Pebbles in Your Shoe
By Jeff Altman, The Big Game Hunter
CIO Magazine ran an article entitled, “Ten Mistakes CIO’s Too Often Make” written by Susan H. Cramm, former CIO and vice president of IT at Taco Bell and CFO and executive vice president at Chevys, a Taco Bell subsidiary.
I was thunderstruck by her ninth mistake—Pretending that your organizational weeds are really untended flowers.
My mind immediately went to a comparison with what it is like to spend a day walking with a pebble in your shoe. If you haven’t done this before, imagine a pebble in your shoe, not just for 5 seconds, but what I is like to have a small hard rock under your foot for 12 hours.

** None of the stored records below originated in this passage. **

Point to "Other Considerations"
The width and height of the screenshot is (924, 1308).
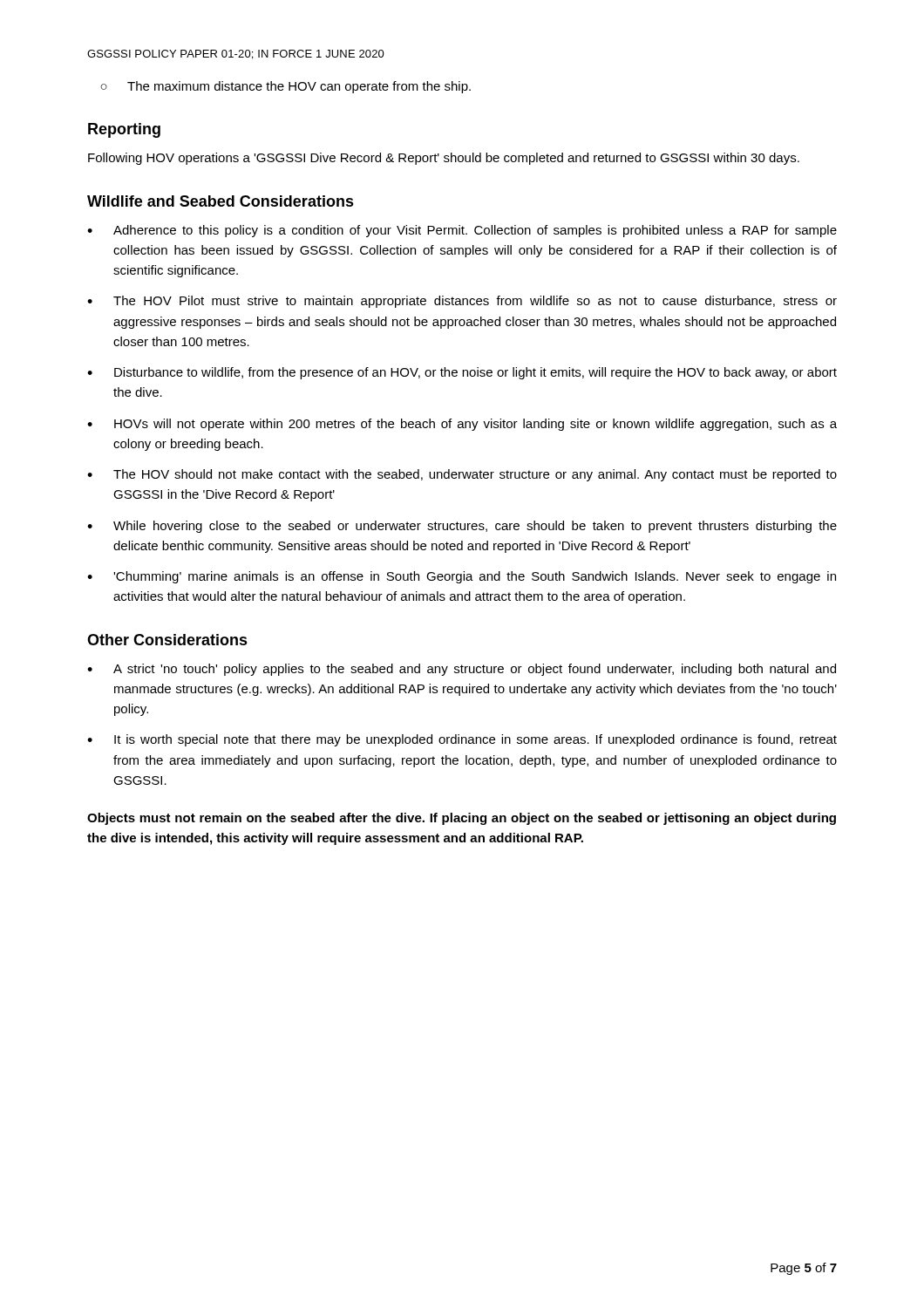tap(167, 640)
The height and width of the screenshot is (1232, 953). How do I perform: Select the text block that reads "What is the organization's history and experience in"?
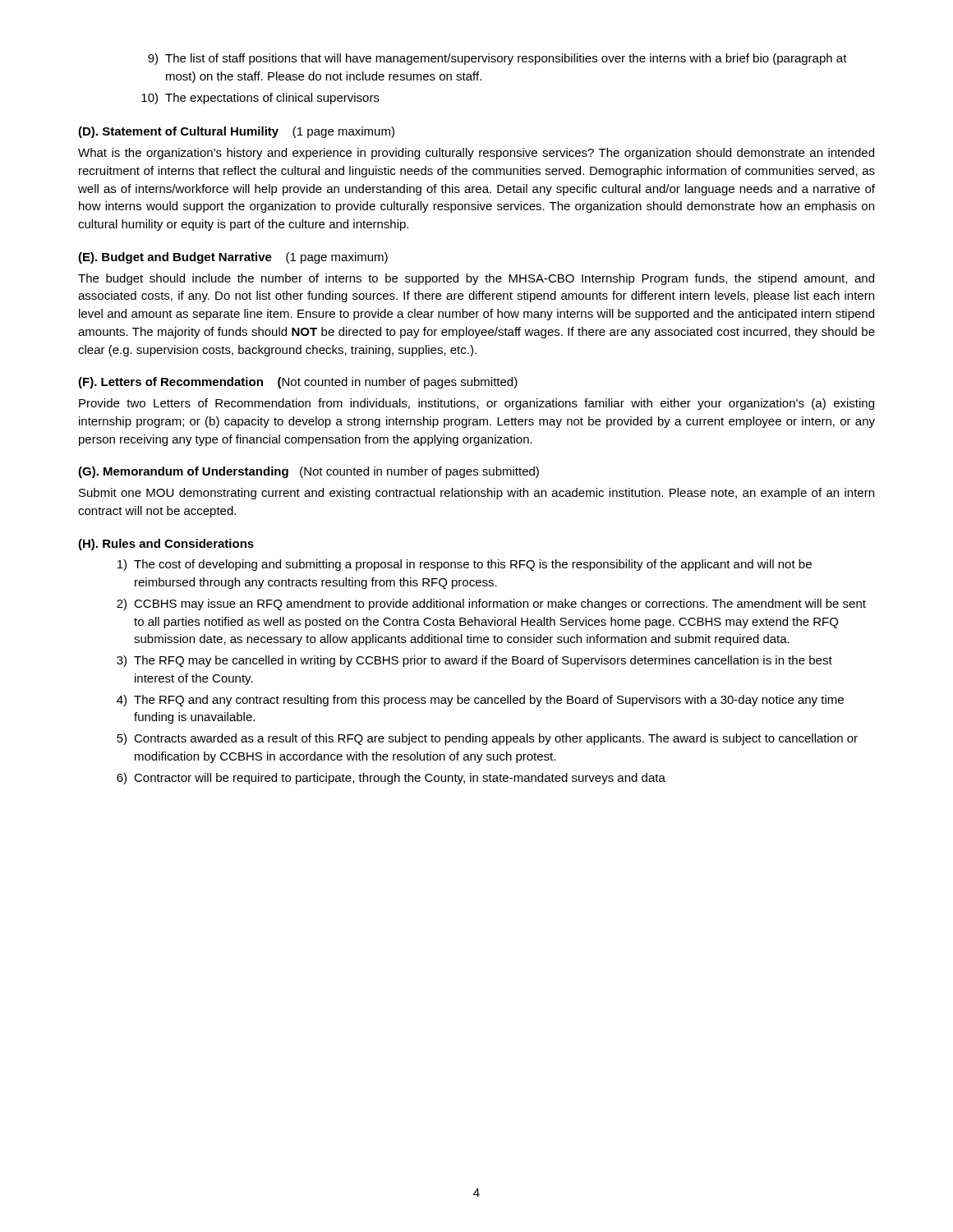point(476,188)
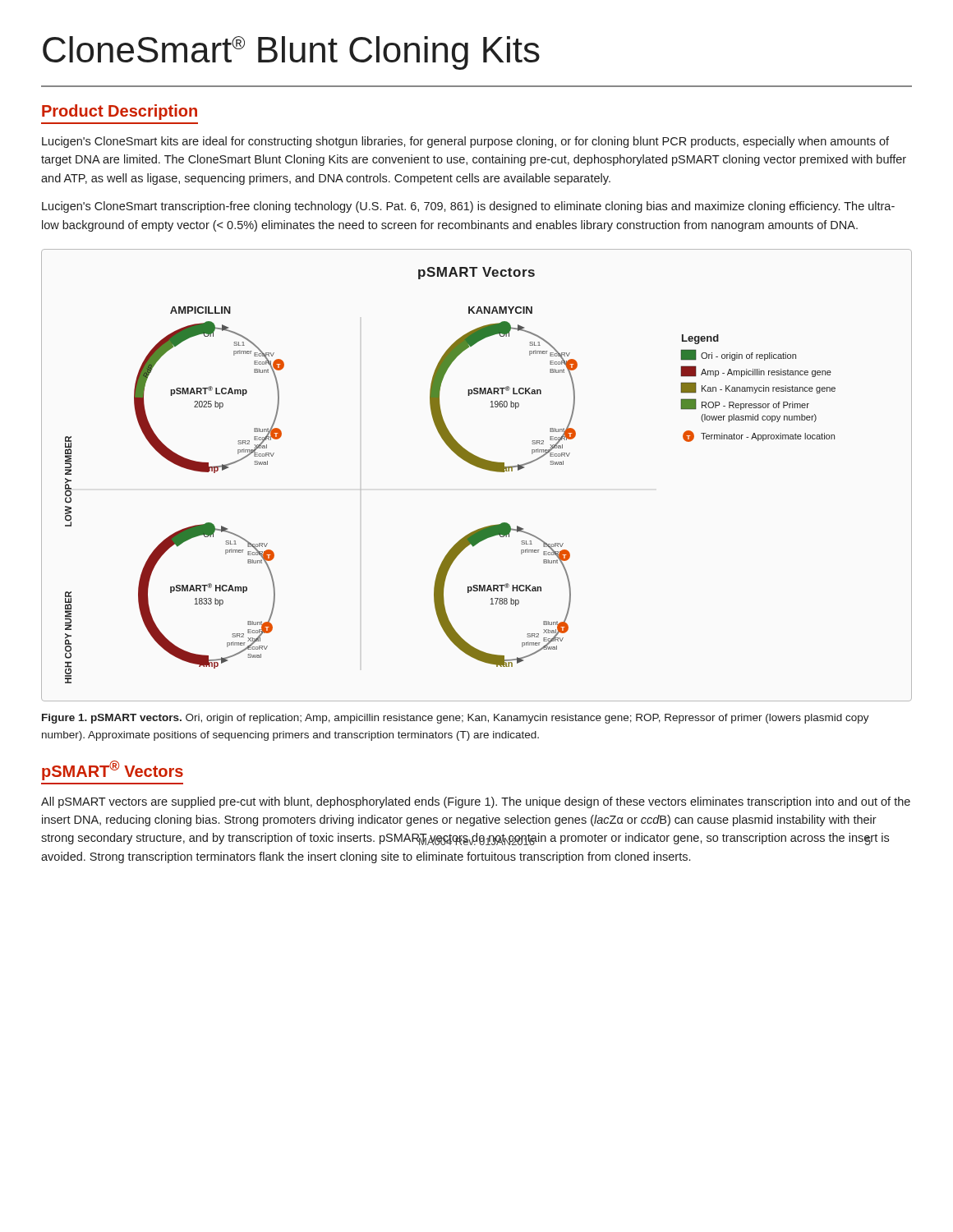Click on the text block starting "Lucigen's CloneSmart transcription-free cloning technology (U.S."
The height and width of the screenshot is (1232, 953).
(468, 216)

It hurts, it moves around in the shoe sometimes disappearing and then re-appearing in a different place. Most people attempt to compensate by walking differently, thus affecting their posture or stride, causing pain to the back and hip in their effort to minimize the discomfort.
Too often, organizations lose their way by tolerating performance or behavioral pebbles that should be dealt with immediately. Because taking an action may cause a manager to “look bad”, “develop a reputation” or in some other way appear to be poor leaders, managers develop a pattern of working around or coping with a problem rather than dealing with it.
Unfortunately, in the desire to avoid a confrontation with the mediocre subordinate, the work around solution often creates another problem like the hip and back pain derived from a pebble. Your staff knows incompetence when they see it. They resent doing extra and covering for someone else who doesn’t carry their weight. The bad job market is over and talented people will leave rather than continue to be taken advantage of. How smart is a manager to bring in a consultant to solve the problem created by a mistake in hiring?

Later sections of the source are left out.